Fermentation may also modify the substrate’s lignocellulosic structure, increasing solubility and microbial accessibility. These combined effects—exogenous enzymatic hydrolysis, yeast-driven biochemical modification, and improved microbial adaptation—likely explain the superior IVDMD and IVOMD observed in CWYWEP diets. These findings are in agreement with those of Song et al. [21], who reported enhanced digestibility of organic matter, NDF, and ADF in rations supplemented with enzymes. Moreover, the highest IVOMD in CWYWEP treatments coincided with NH₃–N concentrations within the optimal 15–25 mg/dL range, suggesting that ammonia release was well matched to carbohydrate degradation [20]. This synchrony would have supported efficient microbial protein synthesis, thereby amplifying OM digestibility [24,25].

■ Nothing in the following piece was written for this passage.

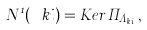<formula> <loc_0><loc_0><loc_500><loc_500>N ^ { 1 } ( \ k i ) = K e r \, \Pi _ { \Lambda _ { k , i } } ,</formula>

In conclusion, the co-fermentation of citric waste with yeast waste and exogenous enzymes markedly improves nutrient degradability, making CWYWEP a highly digestible, protein-rich alternative to SBM in ruminant feeding systems. By contrast, CWYWP—despite its high protein content—lacks sufficient structural breakdown, limiting its effectiveness as a standalone replacement. These results highlight the importance of enzyme supplementation in maximizing the feeding value of citric waste-based protein sources.

4.4. Ruminal pH, NH₃-N, and Protozoal Population

In this study, replacing SBM with CWYWP or CWYWEP did not significantly affect rumen pH, NH₃–N concentrations, or protozoal populations at 2 and 4 h post-incubation. The observed pH values after 4 h of incubation (7.02–7.14) may result from several factors. The high crude protein content of SBM, CWYWP, and CWYWEP (44–50% CP) likely contributed to increased NH₃–N from fermentable protein or NPN, raising pH. The buffering strength of McDougall’s solution may have also limited pH decline despite fermentation. Moreover, the short fermentation time (2–4 h) may not have allowed sufficient acid buildup. Notably, a pH slightly above 7.0 supports fibrolytic microbes such as Ruminococcus and Fibrobacter, enhancing fiber degradation in CWYWEP treatments [25].

The unchanged NH₃–N concentrations, ranging from 16.13 to 20.68 mg/dL, indicate that protein degradation and microbial NH₃–N utilization occurred at rates consistent with normal rumen fermentation [26]. Although NH₃–N levels were not significantly different among treatments, the improved gas and VFA production observed in CWYWEP groups suggest better synchrony between nitrogen and energy release, potentially enhancing microbial efficiency rather than increasing degradable protein content [4,6]. According to Cherdthong et al. [26], NH₃–N concentrations between 15 and 25 mg/dL are considered sufficient to support optimal microbial protein synthesis in the rumen. The inclusion of yeast-fermented citric waste likely provided readily available nitrogenous compounds through microbial biomass and residual urea, contributing to sustained NH₃–N levels [6,24]. When considered alongside IVOMD results, the stable NH₃–N concentrations in CWYWEP treatments suggest that ammonia release and OM degradation proceeded in concert. This coordination would have promoted efficient microbial protein synthesis and thereby contributed to the higher IVOMD values recorded [20]. However, to confirm changes in rumen-degradable or undegradable protein fractions, further direct measurements of RDP and RUP would be required. The absence of significant differences among treatments suggests that the nitrogen released from the CWYWEP and CWYWP was efficiently utilized by rumen microbes, maintaining a dynamic equilibrium between deamination and microbial assimilation [6,20].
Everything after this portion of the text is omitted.